7th Circuit Affirms Tax Protestor's Tax Evasion Conviction, Orders Attorney to Show Cause Why He Should Not be Fined for Frivolous Arguments

The Seventh Circuit yesterday affirmed a taxpayer's conviction for tax evasion and ordered his attorney (Jerold W. Barringer) to show cause why he should not be fined for his frivolous arguments. United States v. Patridge; Nos. 06-3635, 06-3785 (7th Cir. 11/14/07):

Patridge's brief in the criminal appeal presents 19 issues, all frivolous. Many are in the style of tax-protest arguments that we might expect from a layman representing himself but do not expect to see in a brief filed by a member of the bar.

For example, although counsel concedes that a person who earns income cannot avoid taxes by appointing it to a third party -- here, by remitting the income to Trust #1 -- he insists that the maneuver may be penalized only if the taxpayer knows that § 7201 is the section of the Internal Revenue Code that makes the dodge unlawful. Cheek v. United States, 498 U.S. 192 (1991), holds that a person may be convicted of tax offenses only if he knows that the Code requires him to pay. The jury was so instructed, and its verdict shows that it found, beyond a reasonable doubt, that Patridge knew that he had to pay taxes on what he made from his business. It is scarcely possible to imagine otherwise: the system of offshore trusts, and the fictive "loans," show that Patridge was trying to hide income that he knew to be taxable. Why else all this folderol? Yet Patridge, in common with many other people who know what the law requires, could not say just which provisions of the Code make income taxable and prevent evasion. For that matter, many tax lawyers (and most judges) could not rattle off the citations without glancing at a book. This shortcoming of memory (perhaps, for Patridge, a deliberate avoidance of knowledge) prevents criminal punishment, counsel insists.

But why would this be so? No statute says it; no opinion holds it. Cheek derived its knowledge-of-law requirement from the fact that § 7201 makes only "willful" tax evasion criminal. An act is willful for the purpose of tax law, the Court concluded, when the taxpayer knows what the Code requires yet sets out to foil the system. Knowledge of the law's demands does not depend on knowing the citation any more than ability to watch a program on TV depends on knowing the frequency on which the signal is broadcast. ...

Jerold W. Barringer represented Patridge at trial, in the Tax Court, and during the three appeals to this court. He has performed below the standard of a pro se litigant; we have serious doubt about his fitness to practice law. The problem is not simply his inability to distinguish between plausible and preposterous arguments. It is his disdain for the norms of legal practice (19 issues indeed!) and the rules of procedure.

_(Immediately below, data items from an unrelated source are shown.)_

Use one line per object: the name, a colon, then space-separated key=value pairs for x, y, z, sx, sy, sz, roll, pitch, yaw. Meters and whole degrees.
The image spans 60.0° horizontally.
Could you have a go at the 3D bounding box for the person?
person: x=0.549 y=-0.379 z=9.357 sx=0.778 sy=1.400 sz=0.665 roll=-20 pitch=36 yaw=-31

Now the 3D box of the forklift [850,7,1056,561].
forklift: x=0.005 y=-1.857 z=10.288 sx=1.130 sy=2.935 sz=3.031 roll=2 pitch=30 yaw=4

Take, for example, Fed. R. App. P. 28(a)(7), which requires every appellant's brief to contain "a statement of facts relevant to the issues submitted for review with appropriate references to the record". Circuit Rule 28(c) adds: "The statement of facts required by Fed. R. App. P. 28(a)(7) shall be a fair summary without argument or comment. No fact shall be stated in this part of the brief unless it is supported by a reference to the page or pages of the record or the appendix where that fact appears." So what did Barringer write as a "fair summary without argument or comment"? Here is the complete text of his "STATEMENT OF THE FACTS":

This case is about due process and the Fifth and Sixth. The indictment was defective and revolved around a theory of law section 7201 cannot support. The term "willful" cannot support. There was no evidence of willfulness regarding knowledge of the facts and there is no evidence of willfulness regarding knowledge of the law required to be alleged in the indictment and proved beyond a reasonable doubt at trial. The Paperwork Reduction Act of 1995 forbid the indictment from being returned. There was no fraud in any wire and there was no laundering of any money from an illegal source. The jury was clearly confused by the Court's usage of evade and avoid interchangeably. The District Court relied upon the wrong Sentencing Guidelines and found facts to give Appellant 60 months in prison when the sentence should have been probation.

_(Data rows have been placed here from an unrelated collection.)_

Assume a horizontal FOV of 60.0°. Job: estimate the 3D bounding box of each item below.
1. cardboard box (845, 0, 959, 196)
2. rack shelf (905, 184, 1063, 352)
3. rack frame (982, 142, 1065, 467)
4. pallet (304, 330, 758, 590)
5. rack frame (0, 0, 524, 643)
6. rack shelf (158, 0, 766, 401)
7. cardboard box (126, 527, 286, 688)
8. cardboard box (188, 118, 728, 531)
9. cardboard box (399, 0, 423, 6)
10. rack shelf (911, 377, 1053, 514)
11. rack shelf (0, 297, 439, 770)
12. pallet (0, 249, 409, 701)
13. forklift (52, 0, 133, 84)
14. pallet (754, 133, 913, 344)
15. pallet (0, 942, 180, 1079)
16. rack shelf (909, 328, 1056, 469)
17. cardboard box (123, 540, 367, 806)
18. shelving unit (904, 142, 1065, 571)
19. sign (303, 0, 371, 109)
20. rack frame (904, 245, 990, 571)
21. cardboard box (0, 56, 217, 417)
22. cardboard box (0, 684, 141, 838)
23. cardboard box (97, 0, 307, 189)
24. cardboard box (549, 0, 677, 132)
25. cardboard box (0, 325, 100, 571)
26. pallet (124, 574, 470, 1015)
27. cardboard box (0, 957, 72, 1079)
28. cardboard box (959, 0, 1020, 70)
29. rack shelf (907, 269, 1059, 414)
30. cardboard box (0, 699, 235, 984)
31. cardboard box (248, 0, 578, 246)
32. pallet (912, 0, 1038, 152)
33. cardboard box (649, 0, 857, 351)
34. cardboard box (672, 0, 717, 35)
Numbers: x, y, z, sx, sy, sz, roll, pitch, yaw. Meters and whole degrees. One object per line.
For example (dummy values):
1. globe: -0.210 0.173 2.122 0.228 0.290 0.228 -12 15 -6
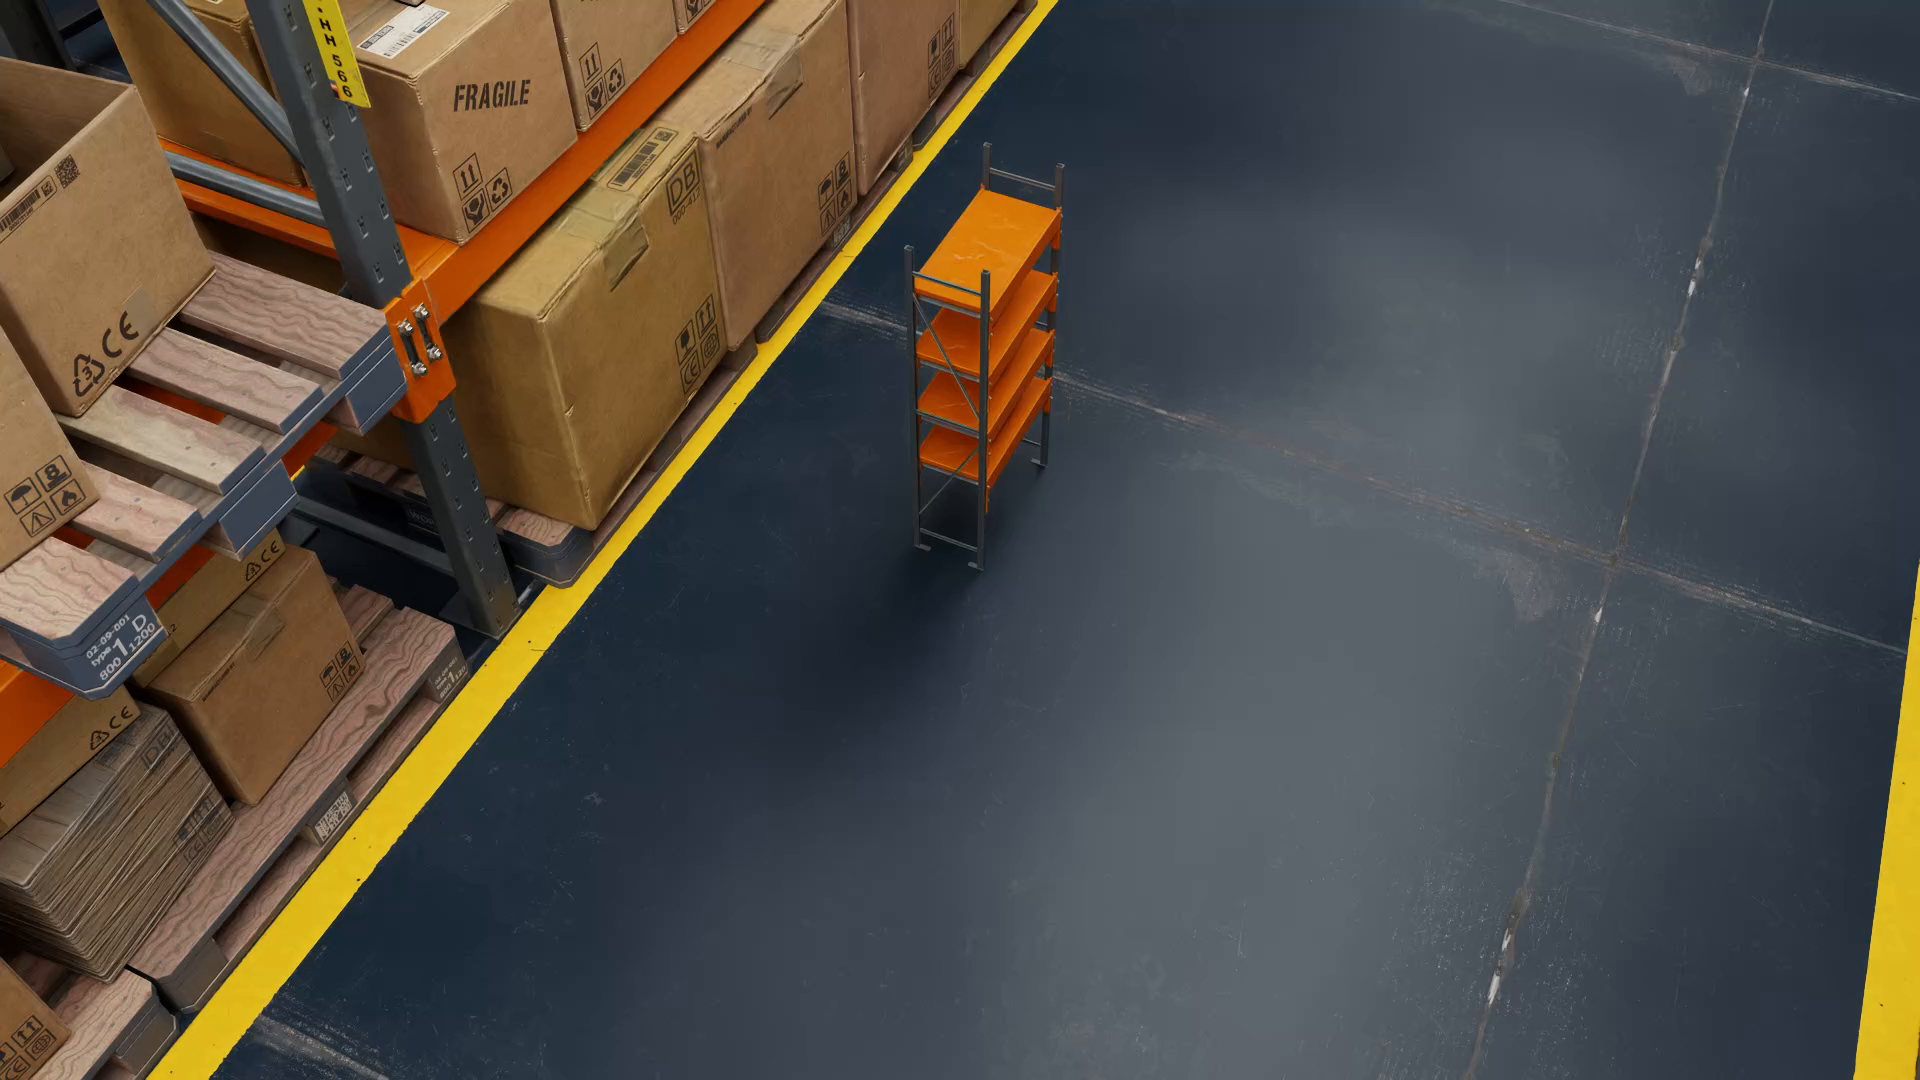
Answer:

This contains not a single fact and verges on illiteracy. One might think that Barringer had confused the "Statement of Facts" section with the "Summary of Argument" required by Rule 28(a)(8), except that this passage does not contain any argument (it is argument free, though full of assertion) and is immediately followed by a six-page-long "SUMMARY OF APPELLANT'S ARGUMENTS".

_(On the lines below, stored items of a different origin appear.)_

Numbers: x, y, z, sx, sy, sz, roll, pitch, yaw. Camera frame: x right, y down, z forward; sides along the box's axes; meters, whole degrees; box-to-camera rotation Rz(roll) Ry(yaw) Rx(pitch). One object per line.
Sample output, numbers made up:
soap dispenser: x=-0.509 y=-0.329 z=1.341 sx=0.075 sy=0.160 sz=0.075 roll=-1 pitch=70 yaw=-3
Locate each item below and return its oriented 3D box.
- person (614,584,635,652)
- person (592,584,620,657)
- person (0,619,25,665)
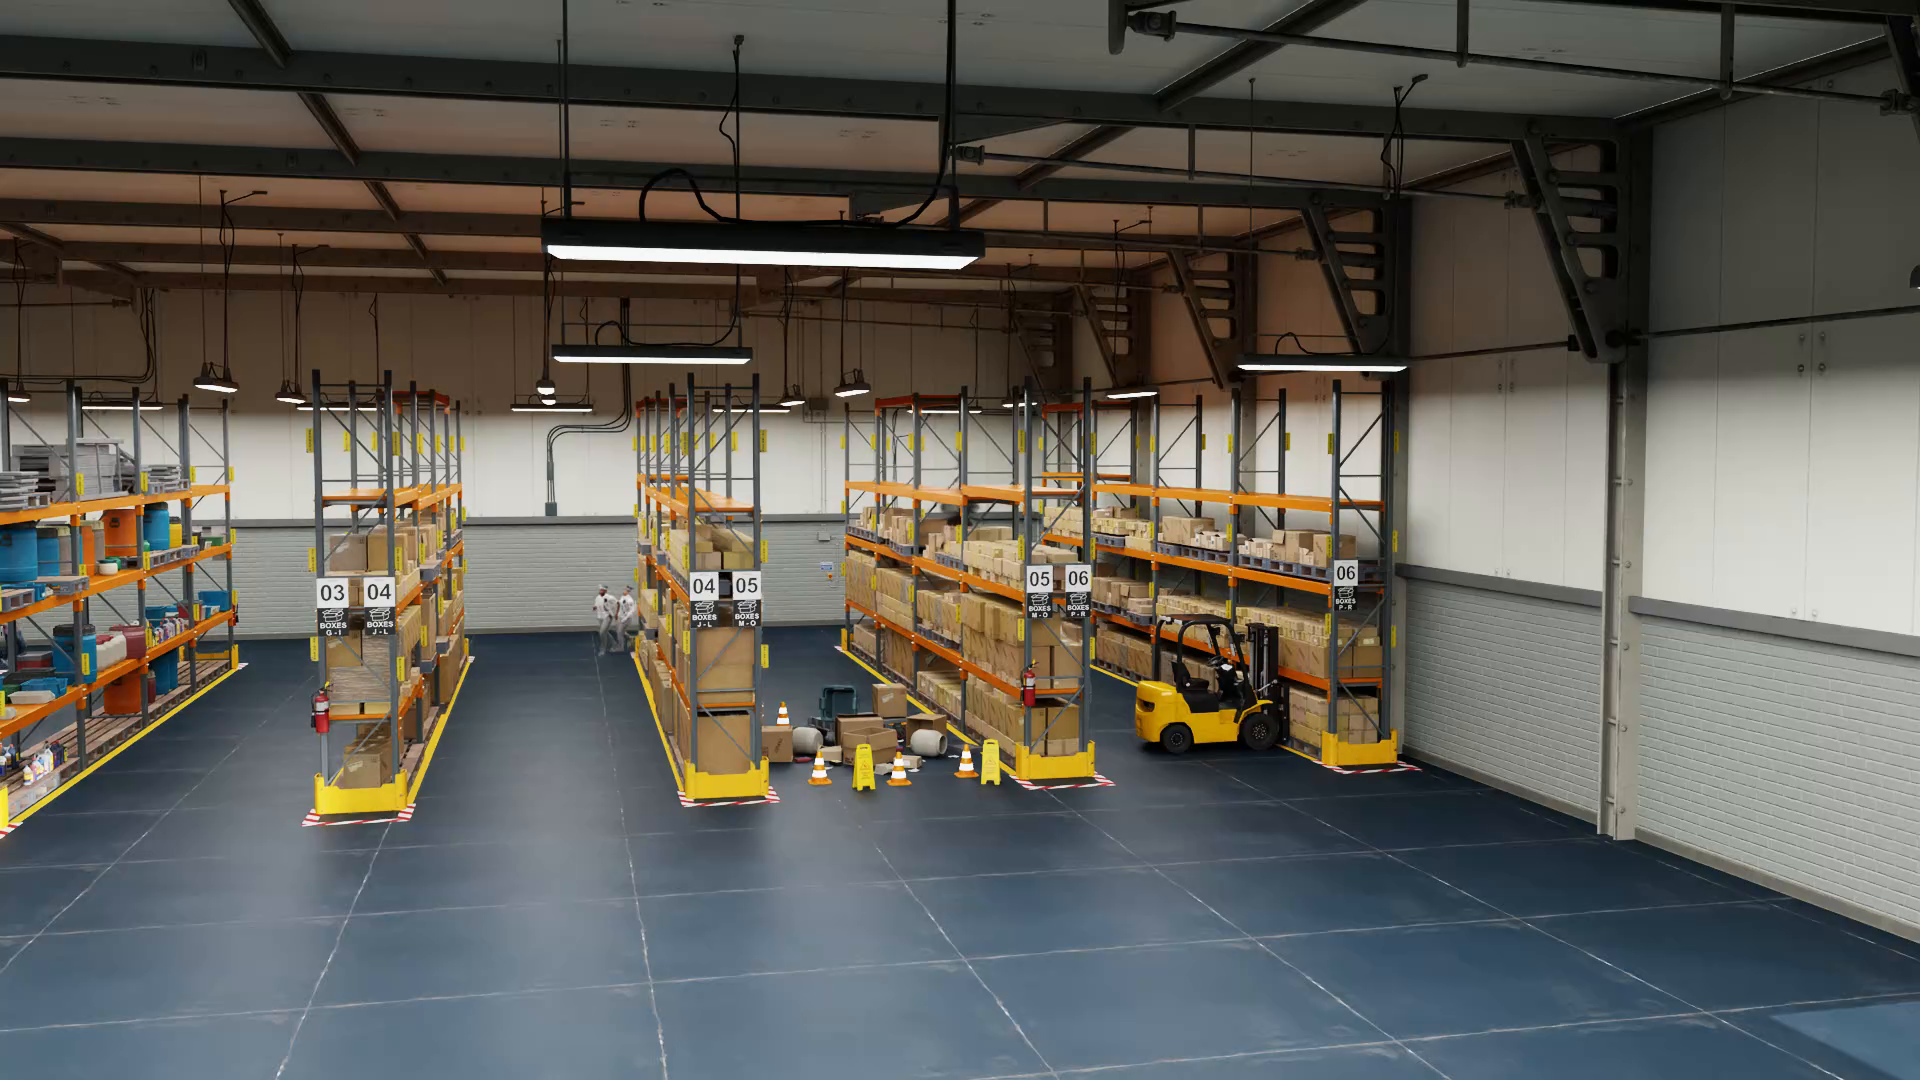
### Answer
person: x=-8.002 y=1.874 z=40.056 sx=0.576 sy=1.640 sz=0.672 roll=-3 pitch=4 yaw=-41
person: x=-8.404 y=1.892 z=39.497 sx=0.593 sy=1.728 sz=0.828 roll=2 pitch=4 yaw=31
person: x=-21.029 y=2.080 z=36.858 sx=0.814 sy=1.586 sz=0.560 roll=1 pitch=4 yaw=20

Noncompliance with Rule 28(a)(7) is not an isolated problem. To avoid tedious length, we'll limit ourselves to one more example. Circuit Rule 30(a) provides: "The appellant shall submit, bound with the main brief, an appendix containing the judgment or order under review and any opinion, memorandum of decision, findings of fact and conclusions of law, or oral statement of reasons delivered by the trial court or administrative agency upon the rendering of that judgment, decree, or order." Circuit Rule 30(b)(1) adds that the appendix also must contain "[c]opies of any other opinions, orders, or oral rulings in the case that address the issues sought to be raised. If the appellant's brief challenges any oral ruling, the portion of the transcript containing the judge's rationale for that ruling must be included in the appendix." To make sure that counsel are aware of these requirements, we require every appellate lawyer to certify in writing that the brief complies with these rules. Circuit Rule 30(d). Lack of a statement under Rule 30(d) tells the clerk's office that counsel is unaware of the rule, and the brief will be rejected; but a brief with the required statement will be accepted, because our staff is not able to look behind the certificate to determine whether all of the essential materials have been included -- and they really are "essential," because without knowing why the district court did what it did, we can't assess claims that the court erred.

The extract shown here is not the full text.